Was man „Die Kinder“ sicher nicht vorwerfen kann, ist ein zu geringes Tempo. Schon mit der ersten Seite ist man direkt im Geschehen, es geht sofort zügig los. Recht schnell treffen wir auf Laura Schrader, die eingeklemmt in ihrem verunfallten Auto immer wieder das Bewusstsein verliert. Gefunden wird sie zunächst vom Ex-Mann ihrer Schwester, der auf der Suche nach seiner Ex-Frau an der Unfallstelle auf der einsamen Bergstraße vorbeikommt. Er ruft noch den Notarzt, bevor er einen Blick in den Kofferraum wirft und dort seine tote Tochter findet. Völlig schockiert flüchtet er ins nahegelegene Dorf – danach ist er spurlos verschwunden. Nach diesem rasanten Prolog finden wir uns gemeinsam mit Laura in einer psychiatrischen Klinik wieder, wo sie ihre Geschichte erzählt.

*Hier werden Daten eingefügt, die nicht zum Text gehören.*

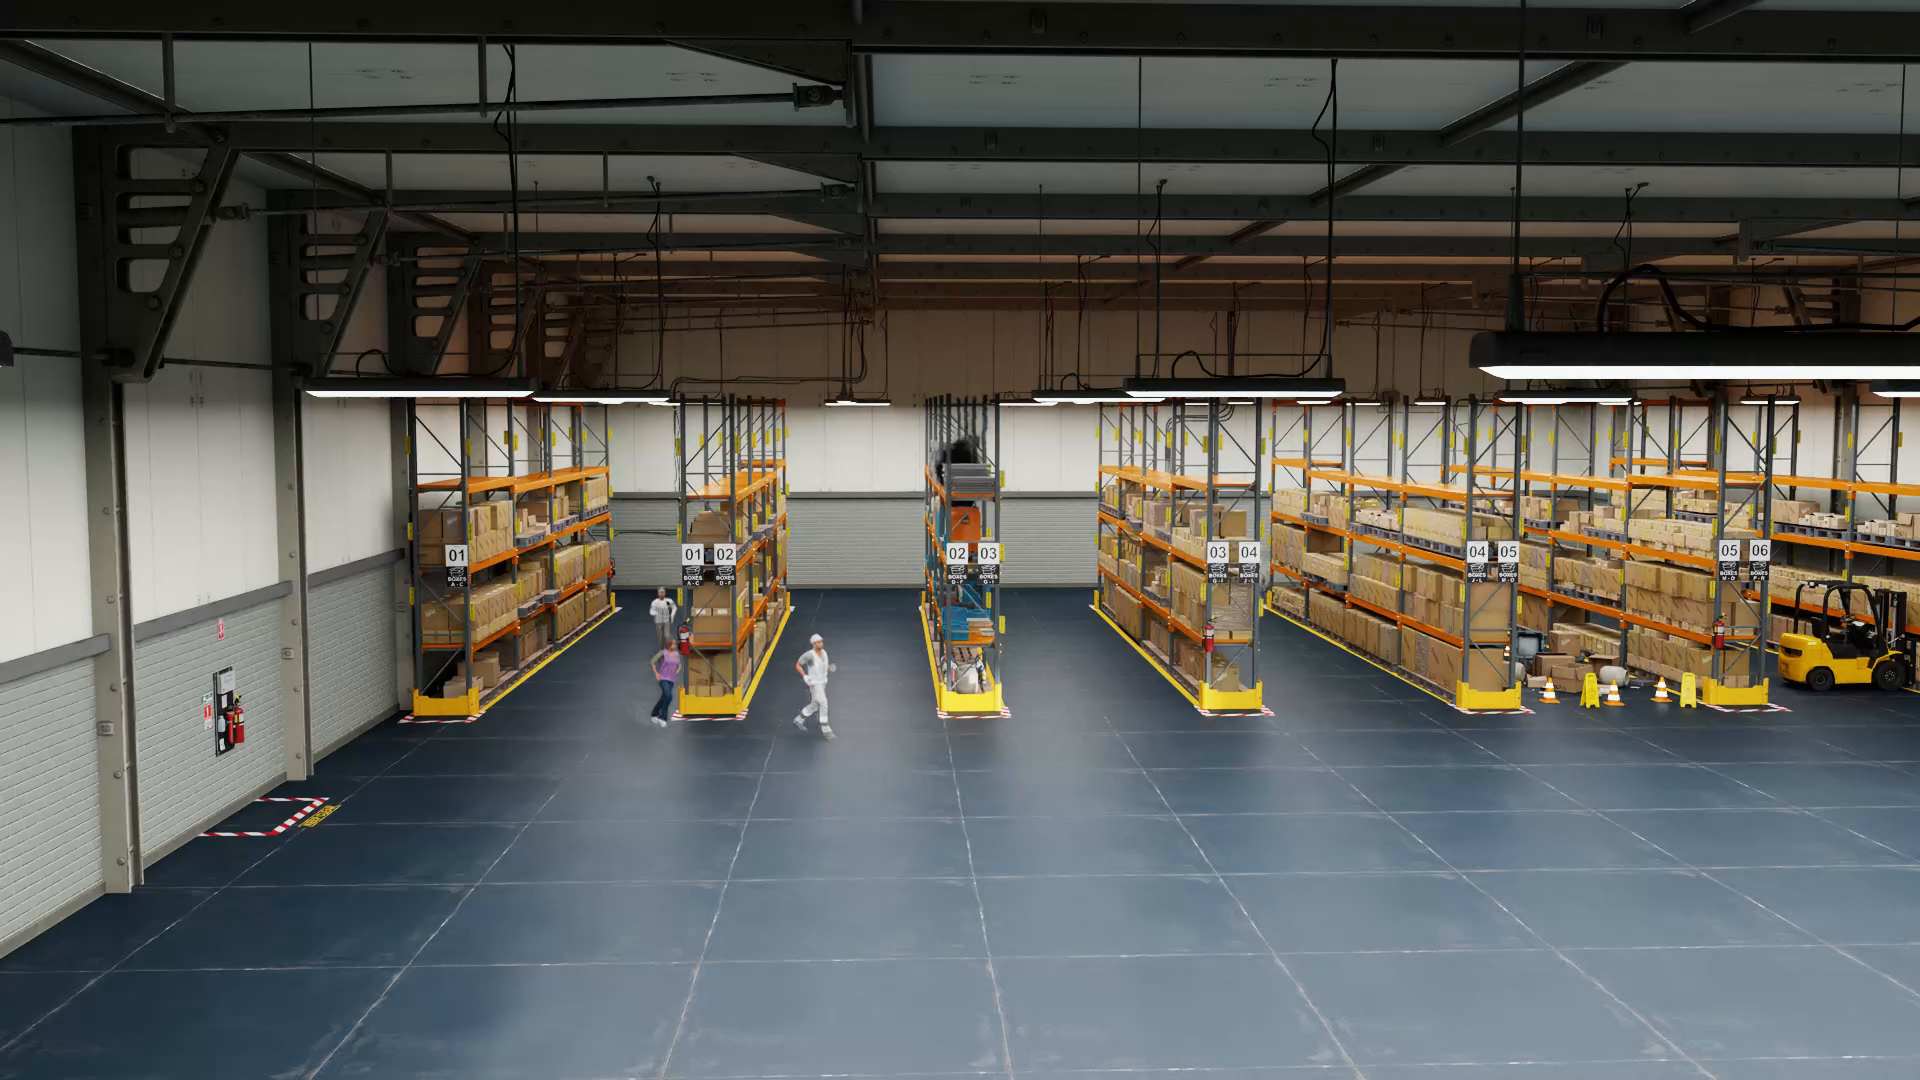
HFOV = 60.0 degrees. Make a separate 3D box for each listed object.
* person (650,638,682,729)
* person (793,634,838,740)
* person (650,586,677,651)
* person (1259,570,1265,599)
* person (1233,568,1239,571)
[{"bbox_3d":[-5.298,2.572,30.042,0.649,1.617,0.546,4,6,40],"label":"person"},{"bbox_3d":[-2.503,2.533,28.993,0.928,1.804,0.633,2,5,27],"label":"person"},{"bbox_3d":[-6.728,1.912,37.689,0.590,1.740,0.726,-1,5,-7],"label":"person"},{"bbox_3d":[7.776,1.381,44.010,0.686,1.755,0.772,0,5,-6],"label":"person"},{"bbox_3d":[7.707,1.250,46.761,0.549,1.592,0.765,0,5,3],"label":"person"}]

Die Neugier ist zweifellos geweckt.

Nun springt die Handlung immer wieder zwischen der Gegenwart in der Klinik und der von Laura erzählten Vergangenheit. Unterbrochen wird der Plot von grausamen Geschehnissen aus aller Welt, bei denen Kinder auf ganz unterschiedliche Weisen leiden müssen. Dabei lernt der Leser nicht nur Laura und Robert Winter kennen, sondern auch Lauras Schwester Su und deren Tochter. Die beiden Frauen stehen sich sehr nahe, leben aber in ganz unterschiedlichen Welten und haben jede für sich mit Problemen zu kämpfen. Von einem gemeinsamen Ausflug zum Ferienhaus der verstorbenen Eltern erhoffen sie sich ein wenig Entspannung.

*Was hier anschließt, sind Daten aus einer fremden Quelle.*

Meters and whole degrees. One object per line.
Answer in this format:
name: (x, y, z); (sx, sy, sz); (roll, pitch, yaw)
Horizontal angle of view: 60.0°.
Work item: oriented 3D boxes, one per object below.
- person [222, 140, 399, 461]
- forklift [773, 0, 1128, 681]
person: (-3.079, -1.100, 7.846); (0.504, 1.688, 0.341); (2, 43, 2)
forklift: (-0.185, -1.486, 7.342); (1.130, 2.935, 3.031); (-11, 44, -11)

Während Laura durch und durch Karrierefrau ist, geht ihre Schwester in ihrer Mutterrolle auf. Beide Frauen sind überzeugend gezeichnet – man kann für beide in ihren jeweiligen Situationen Verständnis aufbringen, sich in sie hineinversetzen und ihre Gedanken gut nachvollziehen. Man fragt sich immer wieder, wie man selbst wohl reagieren würde, und baut eine gewisse Nähe zu Laura und Su auf. Die Schwestern halten zusammen, stützen sich gegenseitig. Auch ihnen fällt es schwer, zu verstehen, was um sie herum geschieht – genau wie dem Leser.

Die Ereignisse wirken wirr, lange ist unklar, wie alles zusammenhängt. Die Auflösung ist schließlich nicht nur weit entfernt von der Realität, sondern zudem ein einziger erhobener Zeigefinger. Im Kern ist „Die Kinder“ eine deutliche Gesellschaftskritik, die aber nicht auf subtile Weise hervorgebracht, sondern mit dem Holzhammer eingeprügelt wird. Die Einbindung in einen übernatürlichen Kontext schwächt diesen Eindruck nicht ab, sondern unterstützt ihn eher noch. Dass Wulf Dorn hier grundlegende Probleme anspricht und dem Leser leider sehr reale Missstände vor Augen führt, ist gut und wichtig – nur ist die Frage, ob die Form glücklich gewählt ist.

Wie von Wulf Dorn gewohnt, ist der Schreibstil überaus flüssig und wunderbar zu lesen – so fliegt man trotz des ungewöhnlichen Inhalts schnell durch die Seiten und möchte wissen, wo die Geschichte hinführt. Der Autor ist ohne Zweifel ein sehr guter Erzähler und weiß den Leser zu fesseln. Manches ist sicherlich vorhersehbar, dennoch fehlt es in “Die Kinder” nicht an Überraschungen.

Fazit: „Die Kinder“ ist ein Mystery-Thriller mit Horror-Elementen. Leider ist dies im Vorhinein nicht ersichtlich. Wer realistischere, schlüssige Handlungen bevorzugt und unter anderem genau deshalb zu einem Buch von Wulf Dorn greift, wird von seinem neuen Werk vermutlich enttäuscht sein. Weiß man aber, worauf man sich einlässt, liest man hier eine durchaus spannende, temporeiche Geschichte in gewohnt ausgefeiltem Schreibstil. Die Auflösung ist gewöhnungsbedürftig und hätte dem Leser sehr gerne auf subtilere Weise präsentiert werden können.